To answer your question I'm going to prove something a little more general: I'm going to consider a generic map $f \colon \mathbb R^{m+1} \to \mathbb R^{n+1}$.
The well definition problem for the function is that for every $x_1,x_2 \in X$ such that $[x_1]=[x_2]$ the equality $[f(x_1)]=[f(x_2)]$ holds.
Let $\pi_m \colon \mathbb R^{m+1}\setminus\{0\} \to \mathbb{RP}^m$ be the canonical projection, i.e. the map sending every $x \in \mathbb R^{m+1}\setminus\{0\}$ in $\pi_m(x)=[x] \in \mathbb{RP}^m$. Now the well definition problem can be rephrased in terms of diagrams saying that we want find necessary and sufficient conditions for the commutativity of the diagram below .

This function $[f]$ exists if and only if for each pair $x,y \in \mathbb R^{m+1}\setminus\{0\}$ $[x]=[y]$, i.e such that exists $\lambda \in \mathbb R \setminus \{0\}$ the condition $[f(x)]=\pi_n \circ f(x)=\pi_n \circ f(y)=[f(y)]$, this by universal property of quotient set for a given equivalence relation.
Edit: I'm adding some details about the said universal property for quotient sets.
Let $\pi \colon X \to Y$ be a surjective function. Then for every other function $g \colon X \to Z$ there exists a (necessarily unique) $h \colon Y \to Z$ such that
$ g = h \circ \pi $ (i.e. $f$ factors through $\pi$) if and only if for each $x_1,x_2 \in X$ such that $\pi(x_1)=\pi(x_2)$, we have that $g(x_1)=g(x_2)$.
Proof: If this $h$ exists clearly we have that for each pair $x_1,x_2 \in X$ such that $\pi(x_1)=\pi(x_2)$, we have that
$g(x_1)=h \circ \pi(x_1)=h \circ \pi(x_2) = g(x_2)$
If $k \colon Y \to Z$ is another function such that $k \circ \pi=g$ then we have the for every $y \in Y$ exists a $x \in X$ such that $\pi(x)=y$, and so
$h(y)=h \circ \pi(x) = k \circ \pi(x)=k(y)$
and so $k=h$ (thus if $h$ exists it's unique too).

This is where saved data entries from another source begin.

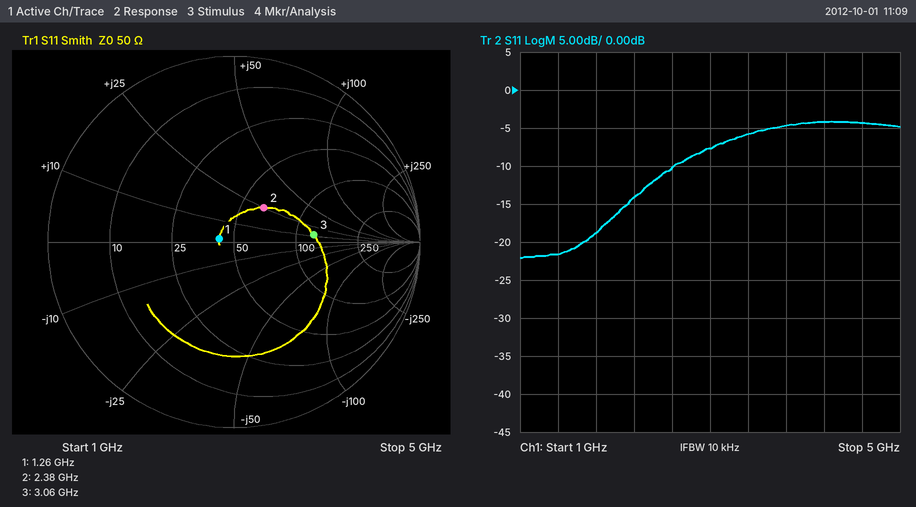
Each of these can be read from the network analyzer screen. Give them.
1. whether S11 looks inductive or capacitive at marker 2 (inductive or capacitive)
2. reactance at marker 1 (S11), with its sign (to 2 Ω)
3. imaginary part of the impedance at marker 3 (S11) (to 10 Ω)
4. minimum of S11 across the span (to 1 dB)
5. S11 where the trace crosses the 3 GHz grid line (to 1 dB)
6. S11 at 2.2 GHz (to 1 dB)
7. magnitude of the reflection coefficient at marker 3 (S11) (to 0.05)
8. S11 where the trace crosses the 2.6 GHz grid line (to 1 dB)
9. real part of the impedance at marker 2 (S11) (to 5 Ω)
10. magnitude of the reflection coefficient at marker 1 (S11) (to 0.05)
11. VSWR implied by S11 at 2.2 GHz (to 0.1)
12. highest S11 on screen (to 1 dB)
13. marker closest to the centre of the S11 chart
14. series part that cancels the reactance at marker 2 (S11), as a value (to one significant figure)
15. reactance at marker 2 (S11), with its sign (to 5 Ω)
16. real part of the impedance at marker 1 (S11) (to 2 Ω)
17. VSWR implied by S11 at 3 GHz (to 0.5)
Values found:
inductive
+2 Ω
+10 Ω
-22 dB
-8 dB
-14 dB
0.45
-10 dB
65 Ω
0.10
1.5
-4 dB
marker 1
3 pF
+25 Ω
42 Ω
2.5
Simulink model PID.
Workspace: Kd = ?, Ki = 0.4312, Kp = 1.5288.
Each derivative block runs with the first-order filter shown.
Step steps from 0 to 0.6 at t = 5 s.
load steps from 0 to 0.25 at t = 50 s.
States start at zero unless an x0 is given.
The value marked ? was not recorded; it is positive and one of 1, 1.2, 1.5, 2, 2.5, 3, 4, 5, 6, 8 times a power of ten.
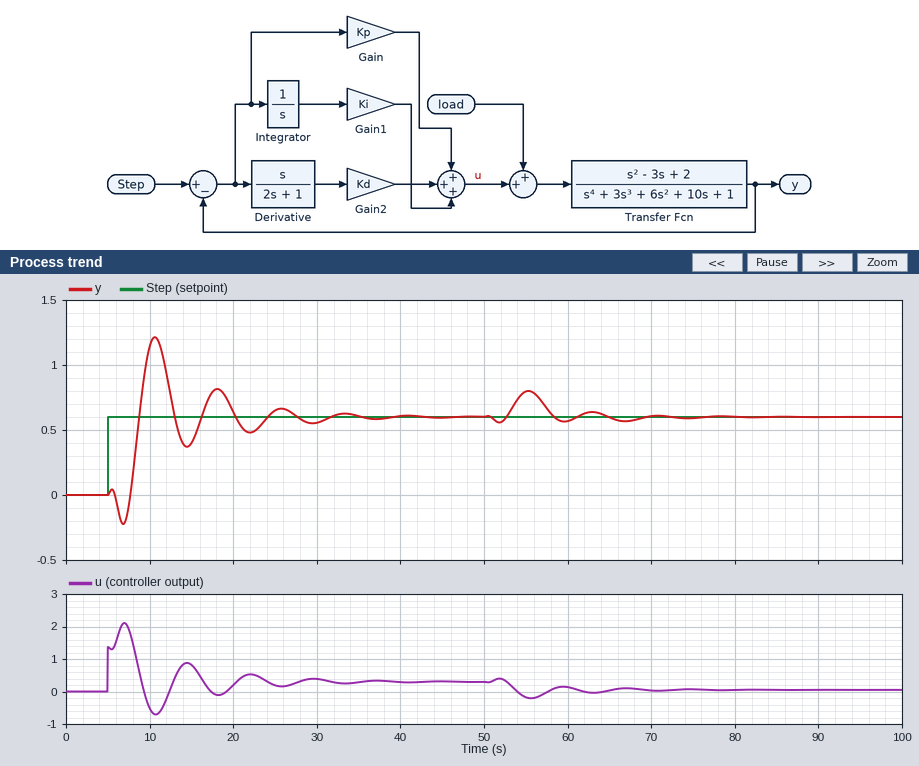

Let's now show that if the condition holds then function $h$ as above exists. For each $x \in X$ we can consider the set $\left\{g(x') | x' \in X, g(x')=g(x) \right\}$, by the hypothesis this set contains just one element, namely $g(x)$. So its well defined tha map $h(\pi(x))=g(x)$, because $g(x)$ doesn't depend of the choice of the $x \in X$. Clearly this $h$ is the map we were looking for.
Now this theorem can be applied to the problem in the begging letting be $X= \mathbb R^{m+1} \setminus \{0\}$, $Y=\mathbb{RP}^{m}$, $\pi=\pi_m$ , $Z=\mathbb{RP}^{n}$ and $g=\pi_n \circ f$.
In particular if $f \mathbb R^{m+1} \to \mathbb R^{n+1}$ is a linear injective map this we have the map $[f]$ because for every $x_1,x_2 \in \mathbb R^{m+1} \setminus \{0\}$ such that exists $\lambda \in \mathbb R \setminus \{0\}$ for which $x_2=\lambda x_1$ we have that $f(x_2) = f(\lambda x_1)=\lambda f(x_1)$ and thus $\pi_n \circ f(x_2) = \pi_n (\lambda f(x_1)) = \pi_n \circ f(x_1)\ \text{.}$
Injectivity is required because otherwise we could have points of $\mathbb R^{m+1} \setminus \{0\}$ which were send to $0$, which doesn't belong to $\mathbb R^{n+1} \setminus \{0\}$ so $[f]$ could not exists in this case.